Santa Romana Chiesa, se possibile più dualista di Cartesio, pensò bene di bruciarlo vivo.

Supercoscienza, coscienza, precoscienza e subcoscienza sono tutte funzioni che cooperano affinché l’essere vivente non si disintegri, disperdendosi in una molteplicità di elementi privi di sinergia. La “morte” è il dividersi di queste funzioni che non restano, però, MAI in uno stato di separazione, ma passano immediatamente a tessere nuovi centri di vita e di sinergia, in un processo di trasformazione perenne. 

 

Roberto Fantini:

Alberto ti ringrazio molto per le tue preziose considerazioni, che mi offrono l’occasione per alcune fondamentali puntualizzazioni.

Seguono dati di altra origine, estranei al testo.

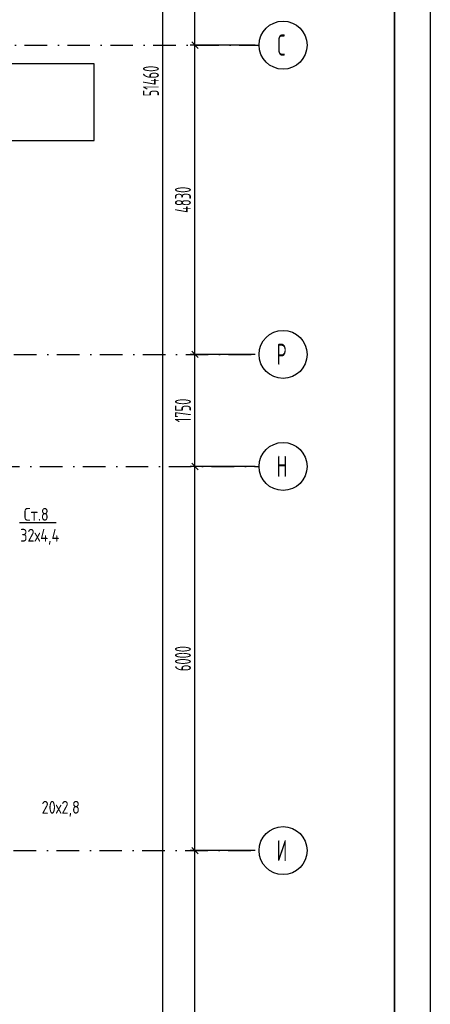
# Model space of a CAD drawing. Extents: x -1560602 to 321118, y -2308202 to -430103.
# Tile 79 of 104: x -1482851 to -1476440, y -2116615 to -2101237. Entities that reach past the tile are written whole.
import ezdxf
from ezdxf.enums import TextEntityAlignment as Align

# ---------------------------------------------------------------- set-up
doc = ezdxf.new("R2010")
doc.units = 0
doc.header["$MEASUREMENT"] = 0
doc.header["$PDSIZE"] = -5
doc.linetypes.add('Dot & Dashed', pattern=[670.277762, 352.777767, -176.388884, 0, -141.111112])
doc.linetypes.add('Штрихпунктирная', pattern=[0.670278, 0.352778, -0.176389, 0, -0.141111])
doc.layers.get('0').update_dxf_attribs({"color": 255, "linetype": 'CONTINUOUS'})
doc.layers.get('Defpoints').update_dxf_attribs({"linetype": 'CONTINUOUS'})
doc.layers.add('Оси', color=253, linetype='Dot & Dashed')
doc.layers.add('отделка', color=240, linetype='CONTINUOUS')
doc.styles.add('GOST 2.304', font='CS_Gost2304.shx', dxfattribs={"width": 0.7})
doc.styles.get("Standard").update_dxf_attribs({"font": 'spds.shx', "width": 0.7, "height": 250})
doc.styles.add('СГЕНЕРИР_СТИЛЬ_1', font='txt')
doc.dimstyles.new('SPDS', dxfattribs={"dimscale": 100, "dimtxt": 2.5, "dimasz": 1, "dimexe": 0.75, "dimexo": 0.625, "dimtad": 1, "dimdec": 0, "dimtxsty": 'GOST 2.304', "dimblk": 'OBLIQUE', "dimcen": 2.5, "dimdle": 1, "dimadec": 0, "dimazin": 2, "dimtfac": 0.75, "dimtdec": 0, "dimtmove": 0, "dimatfit": 0, "dimfxl": 1, "dimtolj": 1, "dimarcsym": 1})

# ---------------------------------------------------------------- blocks, each defined once
blk = doc.blocks.new('_Oblique')
at = {"color": 0, "linetype": 'ByBlock', "lineweight": -2}
blk.add_line((-0.5, -0.5), (0.5, 0.5), dxfattribs=at)
blk = doc.blocks.new('*D351')
at = {"layer": 'Defpoints', "color": 0, "transparency": 16777216}
for p in [(-1480114, -2114215), (-1479114, -2114215), (-1479114, -2120215)]:
    blk.add_point(p, dxfattribs=at)
at = {"layer": 'отделка', "color": 0, "lineweight": -2, "transparency": 16777216}
for p, q in [((-1479177, -2114215), (-1480189, -2114215)), ((-1480114, -2120315), (-1480114, -2114115)), ((-1479177, -2120215), (-1480189, -2120215))]:
    blk.add_line(p, q, dxfattribs=at)
at = {"layer": 'отделка', "color": 0, "lineweight": -2, "transparency": 16777216, "xscale": 100, "yscale": 100, "zscale": 100}
for p, rotation in [((-1480114, -2114215), 90), ((-1480114, -2120215), 270)]:
    blk.add_blockref('_Oblique', p, dxfattribs=dict(at, rotation=rotation))
at = {"layer": 'отделка', "color": 0, "transparency": 16777216, "insert": (-1480302, -2117215), "char_height": 250, "attachment_point": 5, "rotation": 90, "style": 'GOST 2.304'}
blk.add_mtext('\\A1;6000', dxfattribs=at)
blk = doc.blocks.new('*D352')
at = {"layer": 'Defpoints', "color": 0, "transparency": 16777216}
for p in [(-1480114, -2108215), (-1479114, -2108215), (-1479114, -2114215)]:
    blk.add_point(p, dxfattribs=at)
at = {"layer": 'отделка', "color": 0, "lineweight": -2, "transparency": 16777216}
for p, q in [((-1479177, -2108215), (-1480189, -2108215)), ((-1480114, -2114315), (-1480114, -2108115)), ((-1479177, -2114215), (-1480189, -2114215))]:
    blk.add_line(p, q, dxfattribs=at)
at = {"layer": 'отделка', "color": 0, "lineweight": -2, "transparency": 16777216, "xscale": 100, "yscale": 100, "zscale": 100}
for p, rotation in [((-1480114, -2108215), 90), ((-1480114, -2114215), 270)]:
    blk.add_blockref('_Oblique', p, dxfattribs=dict(at, rotation=rotation))
at = {"layer": 'отделка', "color": 0, "transparency": 16777216, "insert": (-1480302, -2111215), "char_height": 250, "attachment_point": 5, "rotation": 90, "style": 'GOST 2.304'}
blk.add_mtext('\\A1;6000', dxfattribs=at)
blk = doc.blocks.new('*D353')
at = {"layer": 'Defpoints', "color": 0, "transparency": 16777216}
for p in [(-1480114, -2106465), (-1479114, -2106465), (-1479114, -2108215)]:
    blk.add_point(p, dxfattribs=at)
at = {"layer": 'отделка', "color": 0, "lineweight": -2, "transparency": 16777216}
for p, q in [((-1480114, -2108315), (-1480114, -2106365)), ((-1479177, -2106465), (-1480189, -2106465)), ((-1479177, -2108215), (-1480189, -2108215))]:
    blk.add_line(p, q, dxfattribs=at)
at = {"layer": 'отделка', "color": 0, "lineweight": -2, "transparency": 16777216, "xscale": 100, "yscale": 100, "zscale": 100}
for p, rotation in [((-1480114, -2106465), 90), ((-1480114, -2108215), 270)]:
    blk.add_blockref('_Oblique', p, dxfattribs=dict(at, rotation=rotation))
at = {"layer": 'отделка', "color": 0, "transparency": 16777216, "insert": (-1480302, -2107340), "char_height": 250, "attachment_point": 5, "rotation": 90, "style": 'GOST 2.304'}
blk.add_mtext('\\A1;1750', dxfattribs=at)
blk = doc.blocks.new('*D354')
at = {"layer": 'Defpoints', "color": 0, "transparency": 16777216}
for p in [(-1480114, -2101635), (-1479114, -2101635), (-1479114, -2106465)]:
    blk.add_point(p, dxfattribs=at)
at = {"layer": 'отделка', "color": 0, "lineweight": -2, "transparency": 16777216}
for p, q in [((-1479177, -2101635), (-1480189, -2101635)), ((-1480114, -2106565), (-1480114, -2101535)), ((-1479177, -2106465), (-1480189, -2106465))]:
    blk.add_line(p, q, dxfattribs=at)
at = {"layer": 'отделка', "color": 0, "lineweight": -2, "transparency": 16777216, "xscale": 100, "yscale": 100, "zscale": 100}
for p, rotation in [((-1480114, -2101635), 90), ((-1480114, -2106465), 270)]:
    blk.add_blockref('_Oblique', p, dxfattribs=dict(at, rotation=rotation))
at = {"layer": 'отделка', "color": 0, "transparency": 16777216, "insert": (-1480302, -2104050), "char_height": 250, "attachment_point": 5, "rotation": 90, "style": 'GOST 2.304'}
blk.add_mtext('\\A1;4830', dxfattribs=at)
blk = doc.blocks.new('*D355')
at = {"layer": 'Defpoints', "color": 0, "transparency": 16777216}
for p in [(-1480114, -2095220), (-1479114, -2095220), (-1479114, -2101635)]:
    blk.add_point(p, dxfattribs=at)
at = {"layer": 'отделка', "color": 0, "lineweight": -2, "transparency": 16777216}
for p, q in [((-1480114, -2101735), (-1480114, -2095120)), ((-1479177, -2095220), (-1480189, -2095220)), ((-1479177, -2101635), (-1480189, -2101635))]:
    blk.add_line(p, q, dxfattribs=at)
at = {"layer": 'отделка', "color": 0, "lineweight": -2, "transparency": 16777216, "xscale": 100, "yscale": 100, "zscale": 100}
for p, rotation in [((-1480114, -2095220), 90), ((-1480114, -2101635), 270)]:
    blk.add_blockref('_Oblique', p, dxfattribs=dict(at, rotation=rotation))
at = {"layer": 'отделка', "color": 0, "transparency": 16777216, "insert": (-1480302, -2098427), "char_height": 250, "attachment_point": 5, "rotation": 90, "style": 'GOST 2.304'}
blk.add_mtext('\\A1;6415', dxfattribs=at)
blk = doc.blocks.new('*D363')
at = {"layer": 'Defpoints', "color": 0, "transparency": 16777216}
for p in [(-1480614, -2076465), (-1480114, -2076465), (-1479114, -2127925)]:
    blk.add_point(p, dxfattribs=at)
at = {"layer": 'отделка', "color": 0, "lineweight": -2, "transparency": 16777216}
for p, q in [((-1480614, -2128025), (-1480614, -2076365)), ((-1480177, -2076465), (-1480689, -2076465)), ((-1479177, -2127925), (-1480689, -2127925))]:
    blk.add_line(p, q, dxfattribs=at)
at = {"layer": 'отделка', "color": 0, "lineweight": -2, "transparency": 16777216, "xscale": 100, "yscale": 100, "zscale": 100}
for p, rotation in [((-1480614, -2076465), 90), ((-1480614, -2127925), 270)]:
    blk.add_blockref('_Oblique', p, dxfattribs=dict(at, rotation=rotation))
at = {"layer": 'отделка', "color": 0, "transparency": 16777216, "insert": (-1480802, -2102195), "char_height": 250, "attachment_point": 5, "rotation": 90, "style": 'GOST 2.304'}
blk.add_mtext('\\A1;51460', dxfattribs=at)

msp = doc.modelspace()

# ---------------------------------------------------------------- linework, layer by layer
at = {"color": 0, "lineweight": 35, "ltscale": 100}
msp.add_line((-1477001.6, -2073990.4), (-1477001.6, -2146617.3), dxfattribs=at)
at = {"color": 0, "ltscale": 100}
for p, q in [((-1481689.3, -2101924.8), (-1485099.3, -2101924.8)), ((-1481689.3, -2103124.8), (-1481689.3, -2101924.8)), ((-1485099.3, -2103124.8), (-1481689.3, -2103124.8))]:
    msp.add_line(p, q, dxfattribs=at)
at = {"color": 0}
msp.add_line((-1482283.3, -2109096.2), (-1482853.5, -2109096.2), dxfattribs=at)
at = {"layer": 'Defpoints', "color": 0, "linetype": 'Continuous', "ltscale": 100}
msp.add_line((-1476440.2, -2073490.4), (-1476440.2, -2147148.6), dxfattribs=at)
at = {"layer": 'Оси', "color": 0, "linetype": 'Штрихпунктирная', "lineweight": -3, "ltscale": 1000}
for p, q in [((-1505569.2, -2101634.8), (-1479114.3, -2101634.8)), ((-1499029.9, -2106464.8), (-1479114.3, -2106464.8)), ((-1501306.6, -2108214.8), (-1479114.3, -2108214.8)), ((-1493673.3, -2114214.8), (-1479114.3, -2114214.8))]:
    msp.add_line(p, q, dxfattribs=at)
at = {"layer": 'Оси', "color": 0, "linetype": 'Continuous', "ltscale": 100}
for centre in [(-1478739.3, -2101634.8), (-1478739.3, -2106464.8), (-1478739.3, -2108214.8), (-1478739.3, -2114214.8)]:
    msp.add_circle(centre, 375, dxfattribs=at)

# ---------------------------------------------------------------- texts
at = {"color": 0}
msp.add_text('Ст.8', height=200, dxfattribs=at).set_placement((-1482593, -2108962.4), align=Align.MIDDLE_CENTER)
for s, p in [('32х4,4', (-1482843, -2109389.3)), ('20х2,8', (-1482508.5, -2113637.8, 0))]:
    msp.add_text(s, height=200, dxfattribs=at).set_placement(p)
at = {"layer": 'Оси', "color": 0, "linetype": 'Continuous', "width": 0.7}
for s, p in [('С', (-1478825.9, -2101797.9)), ('Р', (-1478837.5, -2106628)), ('Н', (-1478837.5, -2108378)), ('И', (-1478837.5, -2114378))]:
    msp.add_text(s, height=330, dxfattribs=at).set_placement(p)
at = {"layer": 'Оси', "color": 0, "ltscale": 100, "insert": (-1479489.5, -2102194.8), "char_height": 0.23, "attachment_point": 5, "rotation": 90, "style": 'СГЕНЕРИР_СТИЛЬ_1'}
msp.add_mtext('\\A1;51460000', dxfattribs=at)

# ---------------------------------------------------------------- dimensions: what is measured, and where the dimension line sits
at = {"layer": 'отделка', "color": 0}
for base, p1, p2, picture, middle in [((-1480614.3, -2076464.8), (-1479114.3, -2127924.8), (-1480114.3, -2076464.8), '*D363', (-1480801.8, -2102194.8)), ((-1480114.3, -2095219.9), (-1479114.3, -2101634.8), (-1479114.3, -2095219.9), '*D355', (-1480301.8, -2098427.3)), ((-1480114.3, -2101634.9), (-1479114.3, -2106464.8), (-1479114.3, -2101634.9), '*D354', (-1480301.8, -2104049.8)), ((-1480114.3, -2106464.9), (-1479114.3, -2108214.8), (-1479114.3, -2106464.9), '*D353', (-1480301.8, -2107339.8)), ((-1480114.3, -2108214.9), (-1479114.3, -2114214.8), (-1479114.3, -2108214.9), '*D352', (-1480301.8, -2111214.8)), ((-1480114.3, -2114214.9), (-1479114.3, -2120214.8), (-1479114.3, -2114214.9), '*D351', (-1480301.8, -2117214.8))]:
    dim = msp.add_linear_dim(base=base, p1=p1, p2=p2, angle=90, dimstyle='SPDS', override={"dimscale": 100, "dimlfac": 1, "dimtxsty": 'GOST 2.304', "dimtolj": 1}, dxfattribs=at)
    dim.commit()
    dim.dimension.update_dxf_attribs({"geometry": picture, "text_midpoint": middle})

doc.saveas('drawing.dxf')

Io, in maniera molto più elementare, vorrei riuscire a far capire alle persone (anche a quelle che hanno difficoltà a parlare di “supercoscienza” o di metafisica bruniana), che si lasciano ingannare dalla potentissima propaganda filotrapiantista, almeno due o tre cosette di estrema semplicità, che basterebbe non avere troppi pregiudizi per poter prendere in considerazione:

  1. Qualcuno, senza alcun diritto né elementi di natura scientifica a disposizione, ad un certo punto, ha cambiato il NOME alle cose: quello che veniva fino ad allora chiamato “coma depassé”, ovvero coma irreversibile, è stato ridefinito come “morte cerebrale” e, quindi, pazienti in gravissime condizioni (e probabili moribondi) trasformati in cadaveri respiranti.
  2. Il cervello è universalmente considerato la cosa più meravigliosa, complessa e inesplorata: pretendere di poter decidere che abbiasmesso TOTALMENTE di funzionare e PER SEMPRE (ovvero che non lo si possa MAI PIU’ riattivare) è, quindi, evidentemente arbitrario, illogico e antiscientifico.
  3. Gli stessi responsabili di questa aberrante rivoluzione culturale hanno dichiarato che tale decisione aveva soltanto motivazioni di carattere UTILITARISTICO, cioè che, pur restando il momento della VERA morte misterioso, per chiarissimi motivi PRATICI, si intendeva scegliere di ritenere “morti” determinati pazienti.
  4. Il sistema trapiantistico fa di tutto per non fare capire ai potenziali “donatori” che, per prelevare organi necessariamente VIVI, non è possibile attendere che l’organismo a cui appartengono (di fatto e di diritto) MUOIA VERAMENTE. Ovvero, che si debba disporre di organismi che siano anch’essi necessariamente VIVI …
  5. Il presupposto indimostrabile è che in quegli organismi (vivi!) si sia spenta definitivamente la coscienza. Ma l’unica cosa certa è che SICURAMENTE vita e coscienza non ci saranno più quando, con bisturi e sega elettrica, saranno stati espiantati i loro organi!